April 14, 2009
UCLA Anderson Hosts Panel Discussion on Executive Compensation
Experts foresee government regulation and shareholder activism
By Paul Feinberg
Viewed through the prism of the current financial crisis, the excesses of executive compensation can now be seen in a new light. In a panel discussion titled "Executive Compensation: How Much Is Too Much?" convened in UCLA Anderson's Korn Convocation Center on April 14, 2009, the management school took its turn in addressing this issue in an entertaining and informative session.

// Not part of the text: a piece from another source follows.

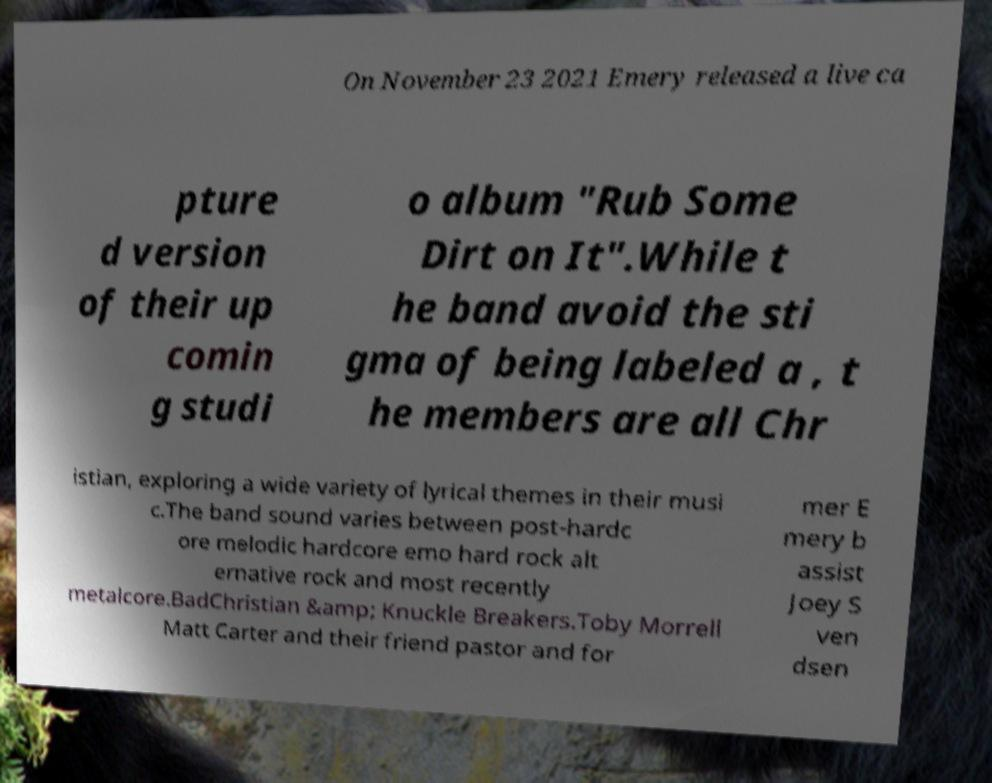Can you accurately transcribe the text from the provided image for me? On November 23 2021 Emery released a live ca pture d version of their up comin g studi o album "Rub Some Dirt on It".While t he band avoid the sti gma of being labeled a , t he members are all Chr istian, exploring a wide variety of lyrical themes in their musi c.The band sound varies between post-hardc ore melodic hardcore emo hard rock alt ernative rock and most recently metalcore.BadChristian &amp; Knuckle Breakers.Toby Morrell Matt Carter and their friend pastor and for mer E mery b assist Joey S ven dsen

The session, moderated by UCLA Anderson's Dean Judy Olian, featured Robin Ferracone, founder and CEO of RAF Capital LLC and founder and executive chair of Farient Advisors; Jim Barrall, partner in the law firm Latham and Watkins and an expert in benefits and compensation; and Prof. David Lewin (MBA '67, Ph.D. '71), UCLA Anderson's Neil H. Jacoby Chair in Management. The panel covered a wide range of issues in sixty minutes, from the most outlandish executive perks to the types of legislation expected to come as a result of the recession and the subsequent attention Congress is paying to executive compensation issues.
The panel agreed for the most part that "alignment" or in the case of the current crises "misalignment" was a major part of the problem people have with executive compensation. Alignment is the concept that corporate performance is tied to executive compensation. In the recent past, executive compensation was all too often tied to short-term gains that appeared on a company's books for a quarter or two, but were not reflective of actual corporate gains or success."The alignment issue is key," Ferracone said. "Alignment is far more important than the magnitude of corporate salaries and benefits."
"Regulation is coming," Lewin said, noting that there has always been compensation regulation on the lower end of the pay scale in the form of minimum- and living-wage laws. "Executive compensation regulation is coming from the government, that's top down, and from shareholders, that's bottom up." The least likely place for regulation, Lewin believes, is in between, where compensation committees and boards of directors lie. Lewin believes that such entities are often too close to CEOs and that more diversity is needed on boards of directors as a result.
Barrall concurred with the idea that shareholders will play a larger role in executive compensation when all is said and done. "Shareholders will have (some) say on pay," Barrall said. "Shareholders will vote on the compensation of executives." But Barrall said - and Ferracone agreed - that tinkering with the tax code (as is being discussed and as has been done in the past) won't work.